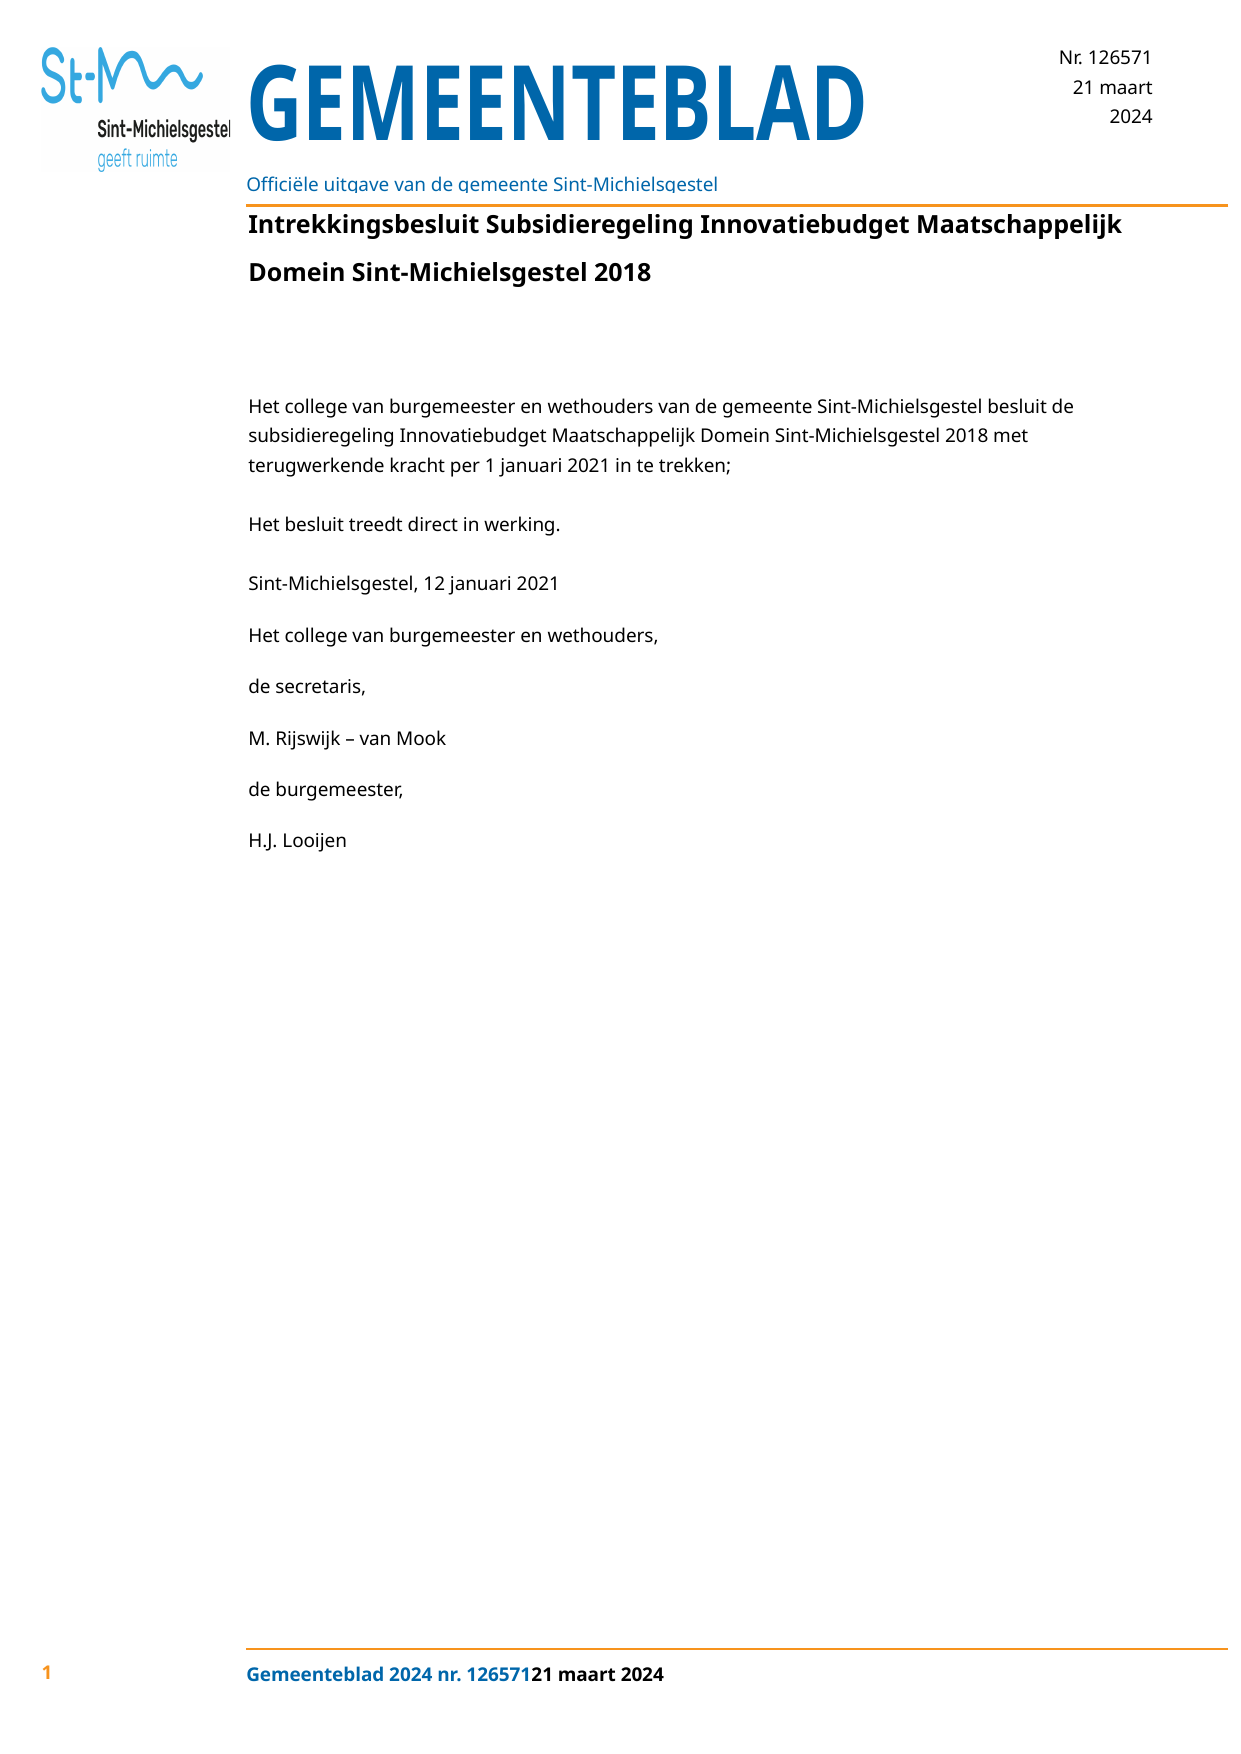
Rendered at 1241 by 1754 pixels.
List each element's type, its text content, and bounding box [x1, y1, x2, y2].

text Sint-Michielsgestel, 12 januari 2021 [248, 570, 1152, 596]
text Het besluit treedt direct in werking. [248, 511, 1152, 537]
text H.J. Looijen [248, 828, 1152, 853]
text Het college van burgemeester en wethouders, [248, 622, 1152, 648]
text Intrekkingsbesluit Subsidieregeling Innovatiebudget Maatschappelijk Domein Sint-Michielsgestel 2018 [248, 207, 1152, 288]
text Het college van burgemeester en wethouders van de gemeente Sint-Michielsgestel besluit de subsidieregeling Innovatiebudget Maatschappelijk Domein Sint-Michielsgestel 2018 met terugwerkende kracht per 1 januari 2021 in te trekken; [248, 393, 1152, 478]
text de burgemeester, [248, 776, 1152, 802]
text de secretaris, [248, 673, 1152, 699]
text M. Rijswijk – van Mook [248, 725, 1152, 751]
picture [41, 47, 231, 172]
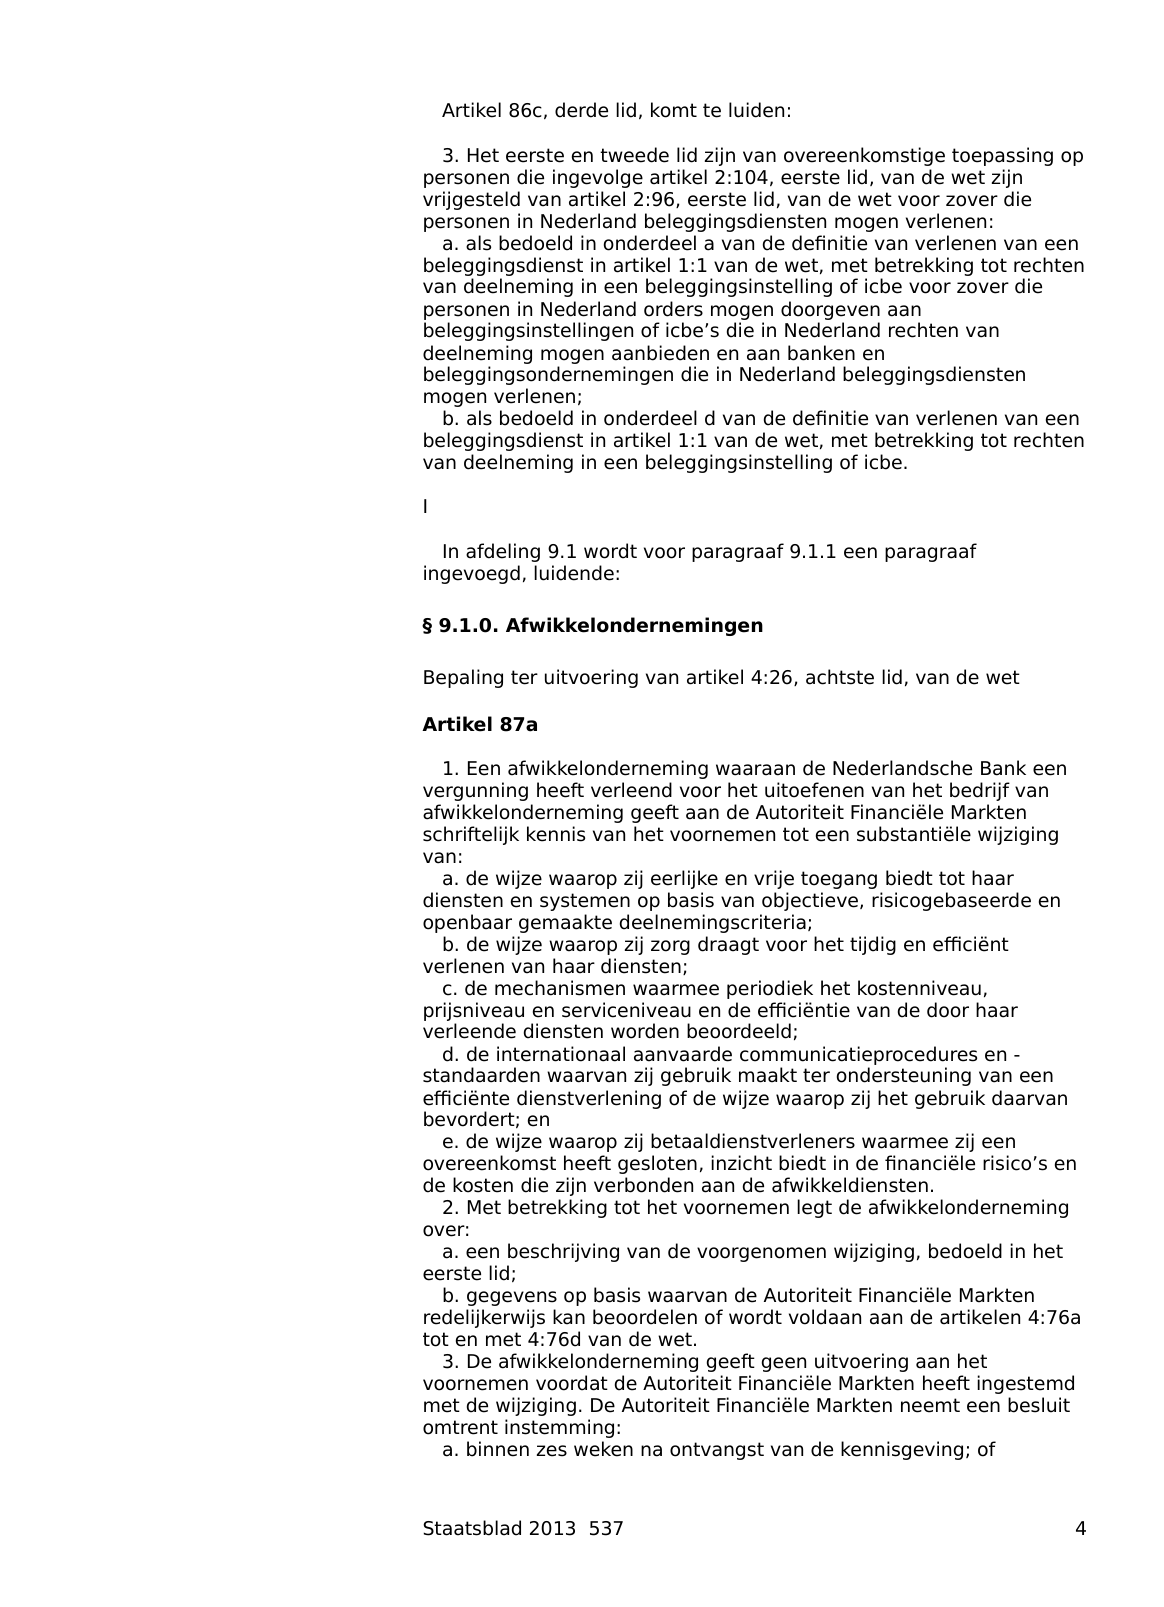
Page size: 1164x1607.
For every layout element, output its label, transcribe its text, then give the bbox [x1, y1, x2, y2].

☆ ☆ ☆ ☆ ☆ ☆ ☆

◆ WHAT TO DO
Up to and including the last line of the records above, print exactly every line from the one that contains "Page size: 1164x1607." onward.

◆ ANSWER SPACE
Page size: 1164x1607.
For every layout element, output its label, transcribe its text, then give the bbox [x1, y1, x2, y2].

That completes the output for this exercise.